On 6/13/2006 at 5:07 PM Joe R. wrote:
Chuck, before his first cuppa said:
against the
ribbon backed by the type slug. Now, if the pattern being
printed matches the order of characters on the chain (or the non-matching
characters are spaces), you're all done and the paper advances.
That's not quite the way that the chain printers that I worked on
worked.
The ODEC printers feed the chain from the left and the
characters where in
ASCII order.
We're actually saying the same thing--it's just that I forgot to say
"matches the order of characters on the chain (or the non-matching
characters are spaces), you've printed the line in one swell foop, you're
all done and the paper advances. Otherwise, the unprinted positions wait
for their respective characters to arrive..." Sometimes, I don't do so
well translating the pictures in my head to words. :(
One could always hear a job banner being printed because of the peculiar
pattern of repeated characters printed across the page perf used as a
visible divider (if you looked at a stack of job output, you could pick out
individual jobs because normal output didn't print over the perfs. Made
life easy for the I/O clerks.)
Similarly, you always knew when a CE was working on the printer because of
the distinctive sound of the diagnostic test patterns.

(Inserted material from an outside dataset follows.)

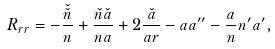Convert formula to latex. <formula><loc_0><loc_0><loc_500><loc_500>R _ { r r } = - \frac { \check { \check { n } } } { n } + \frac { \check { n } \check { a } } { n a } + 2 \frac { \check { a } } { a r } - a a ^ { \prime \prime } - \frac { a } { n } n ^ { \prime } a ^ { \prime } ,</formula>

Type slugs wore at different rates, depending on the application. Since we
were always printing lots of deadstart dumps (a Cyber 74 with 4M words of
ECS could easily occupy most of a box of paper), the "zeroes" got fuzzy far
faster than any other character.
I never understood how the band printer uses dealt with this (other than
replacing the band regularly).
Maybe it's a trick of the eye, but the old drum printers often exhibited a
lot of vertical misalignment of characters, making for wavy lines and very
annoying reading. Curiously, the horizontal misalignment of characters in
chain, train and band printers didn't seem to matter nearly as much.
I remember that the Univac 1108 hardware manuals were drum printed and then
reproduced and were darned near illegible after a couple of hours of
miserable reading. By comparison, 1403 output was pristine.